PROVIDED INFORMATION:
---------------

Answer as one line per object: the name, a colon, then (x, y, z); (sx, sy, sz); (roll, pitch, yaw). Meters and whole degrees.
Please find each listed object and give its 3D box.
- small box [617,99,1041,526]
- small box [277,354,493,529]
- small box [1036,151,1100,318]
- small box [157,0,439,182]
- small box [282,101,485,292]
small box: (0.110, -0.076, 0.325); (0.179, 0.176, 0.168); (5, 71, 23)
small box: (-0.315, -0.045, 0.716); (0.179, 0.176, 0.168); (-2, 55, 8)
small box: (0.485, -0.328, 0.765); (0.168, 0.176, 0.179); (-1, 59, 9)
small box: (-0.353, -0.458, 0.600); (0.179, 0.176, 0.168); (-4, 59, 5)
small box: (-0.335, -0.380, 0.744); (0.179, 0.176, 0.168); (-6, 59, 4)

---------------

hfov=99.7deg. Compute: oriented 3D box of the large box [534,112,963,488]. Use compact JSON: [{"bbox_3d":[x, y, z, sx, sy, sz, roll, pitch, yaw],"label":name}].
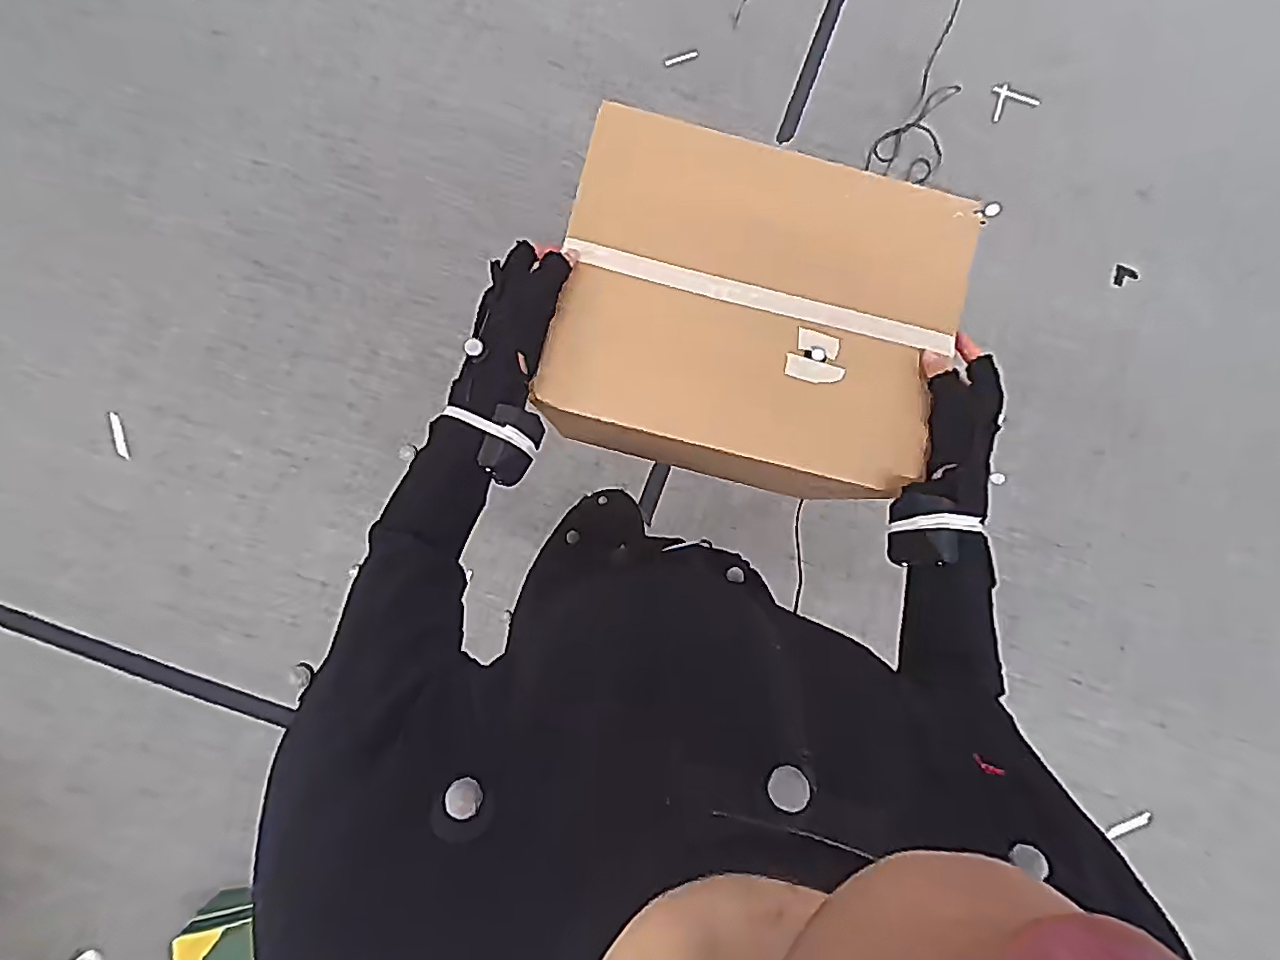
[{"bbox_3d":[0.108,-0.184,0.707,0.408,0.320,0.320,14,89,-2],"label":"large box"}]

---------------

ACTION ITEM: Your answer should be the lines above from the one containing "- small box [277,354,493,529]" through the one containing "- small box [157,0,439,182]", copied exactly and with both ends kept.

SOLUTION FOR THIS PROBLEM:
- small box [277,354,493,529]
- small box [1036,151,1100,318]
- small box [157,0,439,182]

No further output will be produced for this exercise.